Aleatoriamente, como anfitrião, escolhi para análise este acórdão recente do STJ. Ei-lo:
O julgador não está obrigado a responder a todas as questões suscitadas pelas partes, quando já tenha encontrado motivo suficiente para proferir a decisão. A prescrição trazida pelo art. 489 do CPC/2015 veio confirmar a jurisprudência já sedimentada pelo Colendo Superior Tribunal de Justiça, sendo dever do julgador apenas enfrentar as questões capazes de infirmar a conclusão adotada na decisão recorrida (STJ, EDcl no MS 21315 / DF, S1 – DJe 15/6/2016).
Percebam, de pronto, que o julgado parece desconsiderar a existência de um parágrafo primeiro no artigo 489 do CPC, pois o inciso IV do aludido parágrafo inviabiliza o teor da decisão. Deveriam os julgadores terem lido o artigo 1.022, parágrafo único, II[1]…

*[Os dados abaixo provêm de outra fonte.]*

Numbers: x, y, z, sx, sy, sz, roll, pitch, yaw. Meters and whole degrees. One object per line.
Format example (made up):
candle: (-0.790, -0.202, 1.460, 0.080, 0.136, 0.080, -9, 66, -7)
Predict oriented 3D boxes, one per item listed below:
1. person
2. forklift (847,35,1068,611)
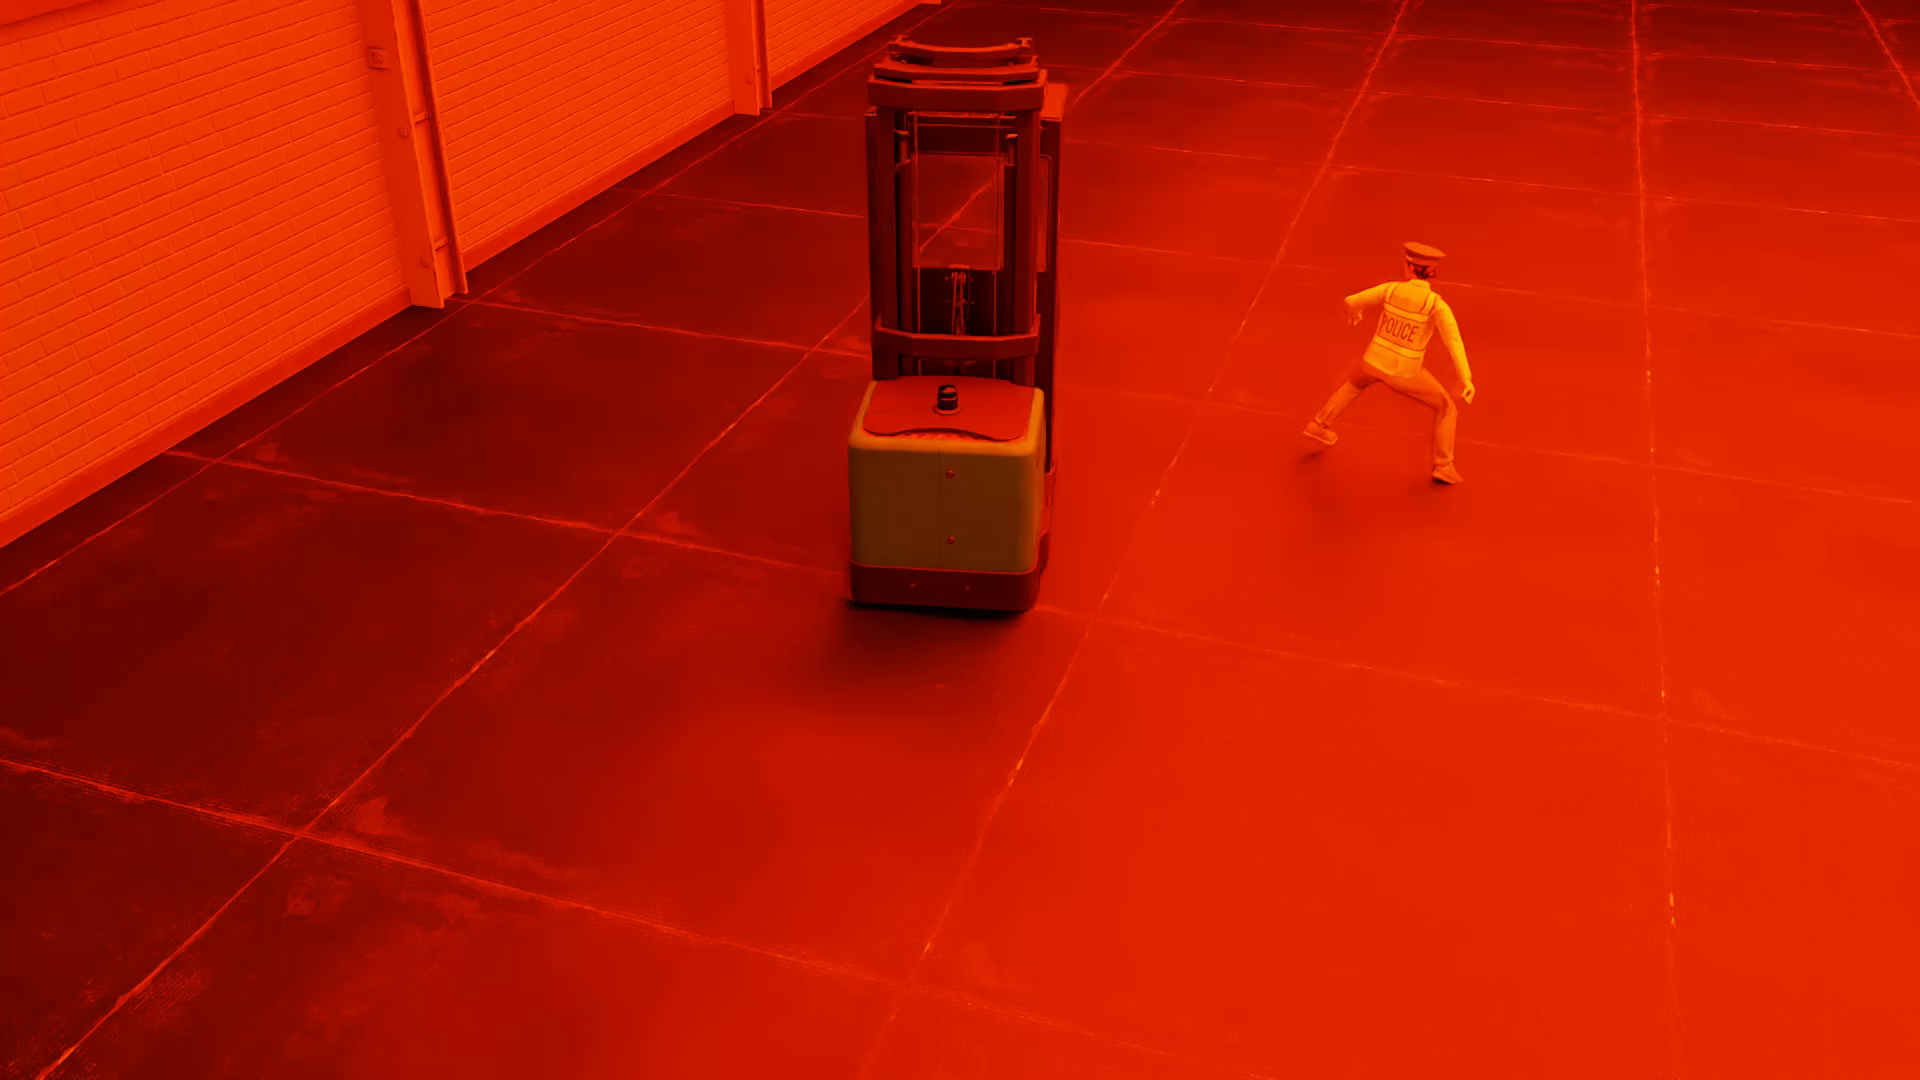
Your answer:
person: (2.824, -1.087, 10.554, 1.100, 1.579, 0.526, 25, 38, 36)
forklift: (0.046, -1.582, 9.912, 1.130, 2.935, 3.031, 3, 30, 5)

Pedi, então, aos convidados que fizessem brevíssimos comentários, antes mesmo de servir o jantar, composto de patos assados ao forno por uma equipe supervisionada por D. Rosane, na forma da lei e do decreto que regulamenta o assamento de patos e dá outras providências…
Kelsen pediu cerveja e Hart continuou no scotch. Cada um tomou a palavra e discorreu sobre o assunto. A ata da reunião resultou nas seguintes “ementas”.

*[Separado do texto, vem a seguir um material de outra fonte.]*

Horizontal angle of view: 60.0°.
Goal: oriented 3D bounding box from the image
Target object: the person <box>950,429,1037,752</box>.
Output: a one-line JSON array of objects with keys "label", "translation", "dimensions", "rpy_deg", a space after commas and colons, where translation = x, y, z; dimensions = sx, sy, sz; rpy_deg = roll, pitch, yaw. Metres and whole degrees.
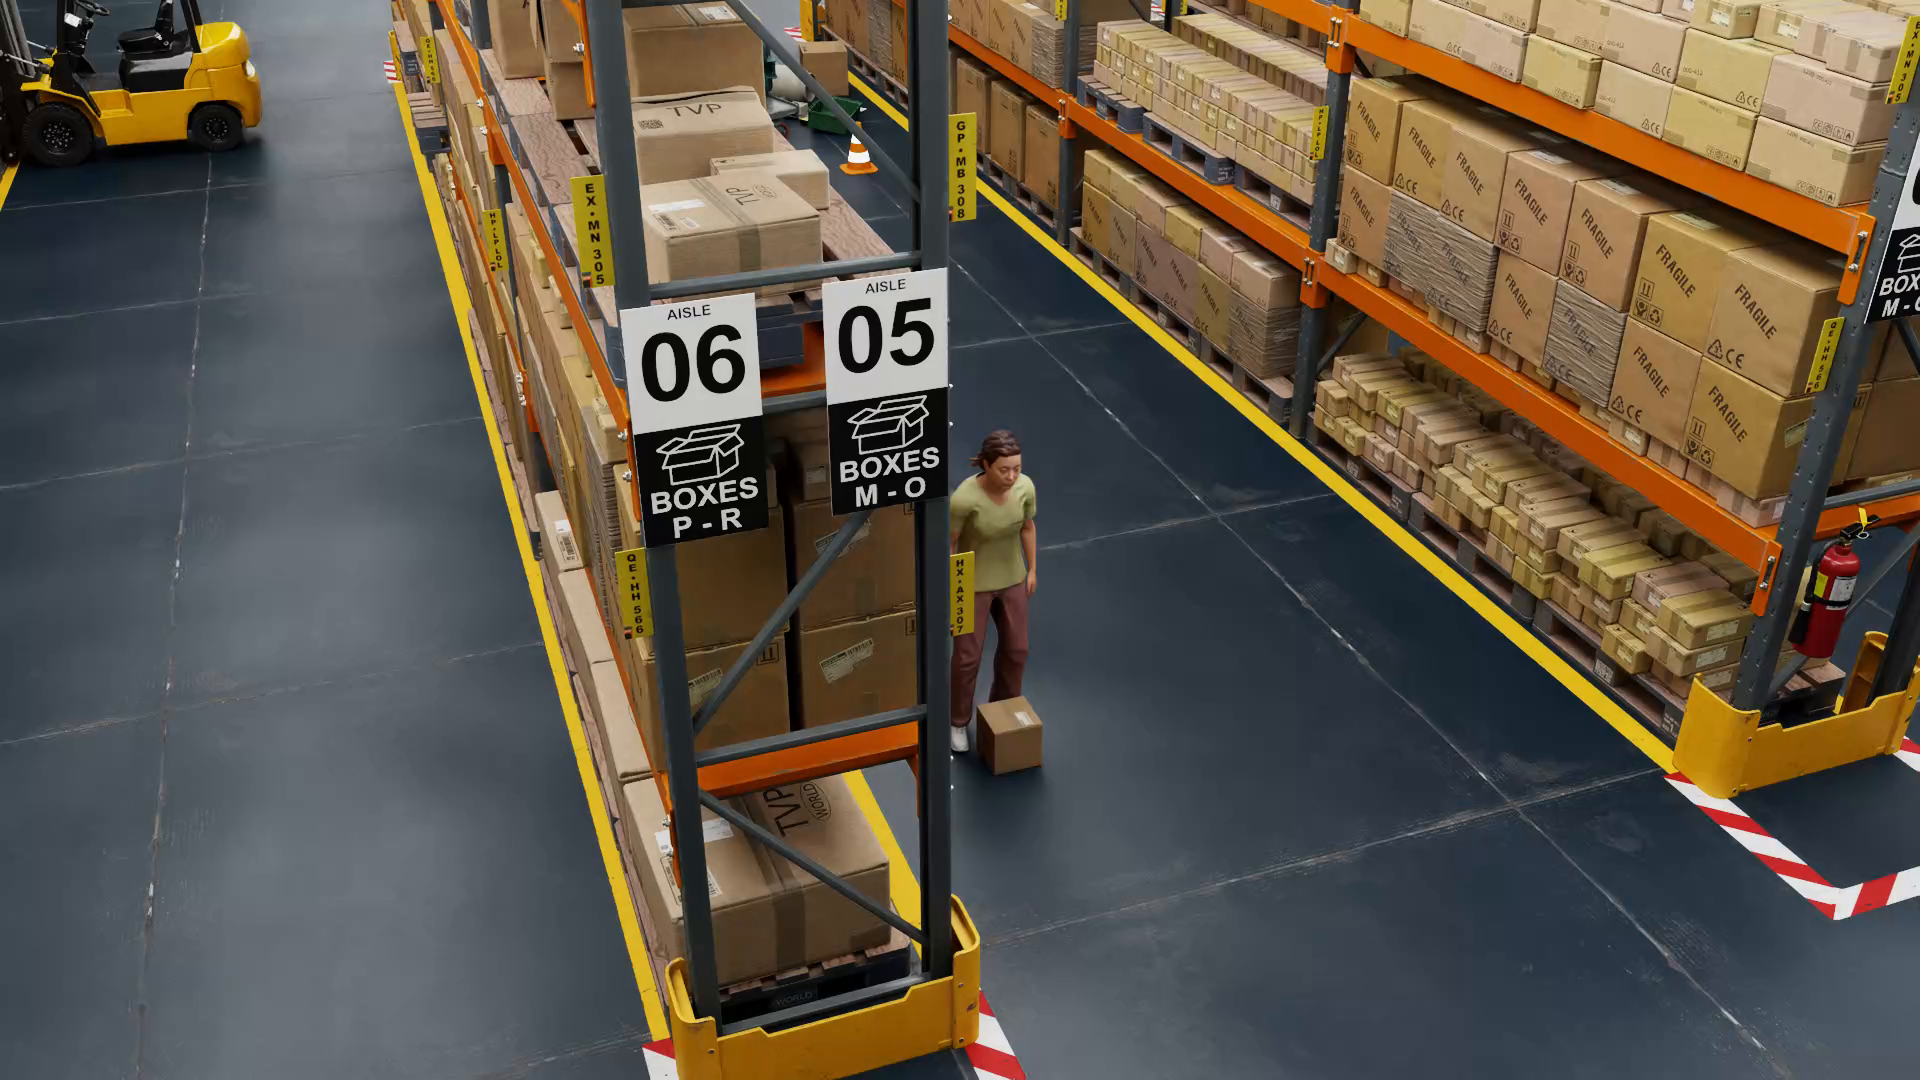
[{"label": "person", "translation": [0.152, 0.220, 7.960], "dimensions": [0.506, 1.671, 0.364], "rpy_deg": [-11, 32, -19]}]
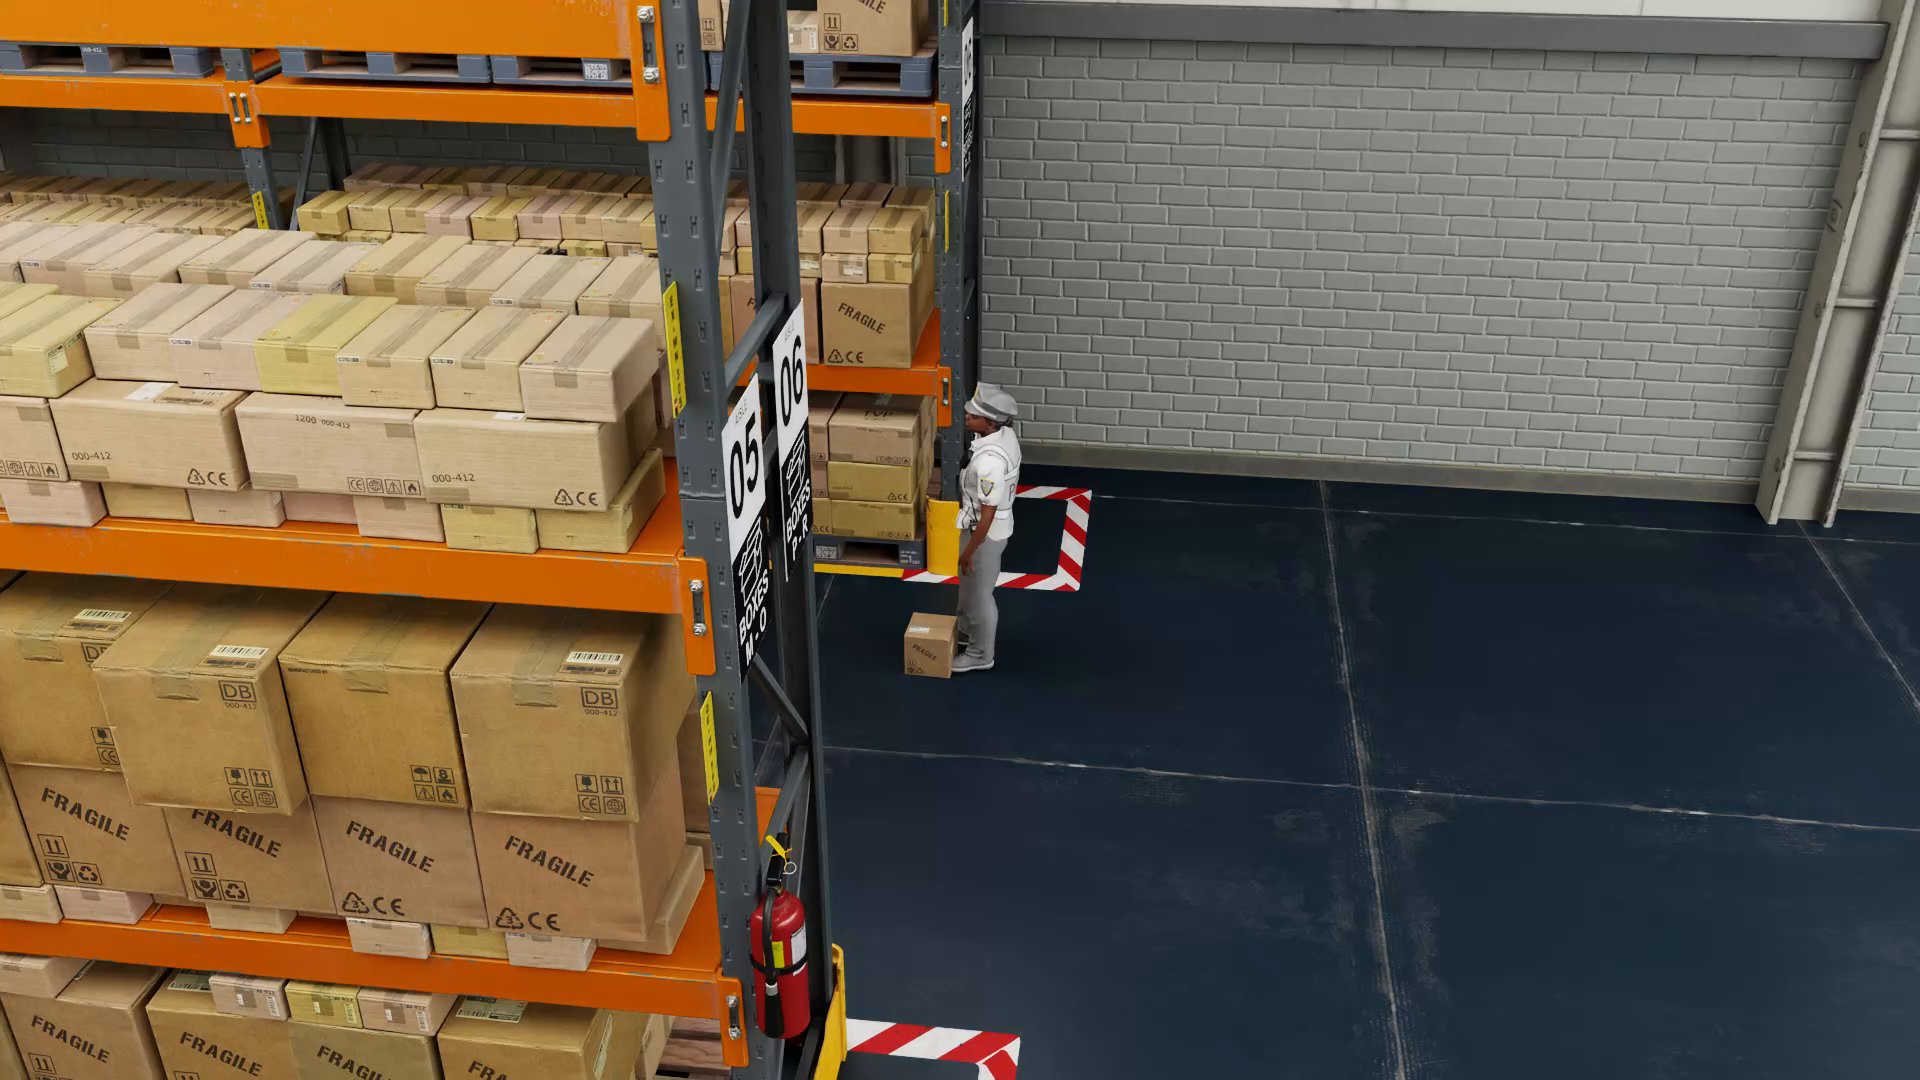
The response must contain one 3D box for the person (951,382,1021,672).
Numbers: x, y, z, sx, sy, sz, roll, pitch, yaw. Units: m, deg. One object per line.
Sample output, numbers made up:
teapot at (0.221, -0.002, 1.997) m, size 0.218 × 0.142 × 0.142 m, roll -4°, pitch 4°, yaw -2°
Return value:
person at (0.051, -0.066, 8.794) m, size 0.529 × 1.694 × 0.569 m, roll 3°, pitch 29°, yaw 6°

1. Representando o grupo dos positivistas clássicos (veio Windscheid como representante[2] — embora devesse ter vindo um exegeta francês). Na verdade, chamo a isso de positivismo legalista, como diz Castanheira Neves. Windscheid disse: “Como é possível? Vocês não têm o artigo 489 do CPC, que diz o contrário do que consta no acórdão? E a parte que está no tal inciso IV?”. E voltou para a cerveja. Antes, provou uma caipirinha temperada com folhas de bergamota, minha especialidade dachiana.
2. Já Herbert Hart disse: “Não há que se falar em hard case neste caso. Da mesma maneira, não há textura aberta da norma jurídica, no caso. Não há zona de penumbra a ser preenchida mediante discricionariedade do STJ. Qual é a dúvida sobre o que está escrito no CPC?”. E sorveu mais um gole de scotch.
3. Deixando seu copo de vinho riesling de lado, Habermas sentenciou: “Nem vou discutir a questão dos discursos de fundamentação e dos discursos de aplicação. O juiz não tem legitimidade para realizar os primeiros (discursos de fundamentação). É simples. Os discursos de fundamentação já foram realizados anteriormente pelo Legislativo, que, através da edição do CPC, definiu o contrário do que diz o tal acórdão. O tribunal não ‘gostou’ da lei? Quer corrigi-la moralmente? Como assim? Por isso escrevi uma teoria para substituir a razão prática eivada de solipsismo. Para evitar essas correções morais ad hoc. Esses subjetivistas brasileiros parecem os adeptos da escola do Direito Livre. Talvez nem eles tivessem tanta ousadia. Aliás, até mesmo Oskar Büllow dizia que os adeptos do Direito Livre estavam equivocados, porque nem mesmo para ele, Büllow, o juiz podia deixar de aplicar a lei colocando no seu lugar o seu sentimento pessoal; para tanto, basta ler um texto de Büllow, publicado em 1906, chamado Über das Verhältnis der Rechsprechung zum Gesetzesrechet)”.
4. Robert Alexy, sem muitos sorrisos, ponderou: “Existe uma distinção estrutural entre regras e princípios. Não havendo colisões entre princípios, casos de injustiça extrema ou implementação de uma exceção à regra pela ausência de necessidade de acréscimo de uma hipótese fática ao artigo 489 do CPC, os incisos do parágrafo primeiro devem ser aplicados por subsunção. A propósito, que raios é isso de ponderação que vocês colocaram no parágrafo segundo?”. Fiz de conta que não ouvi essa última parte. Bem que avisei a presidente Dilma para vetar esse parágrafo (ler aqui).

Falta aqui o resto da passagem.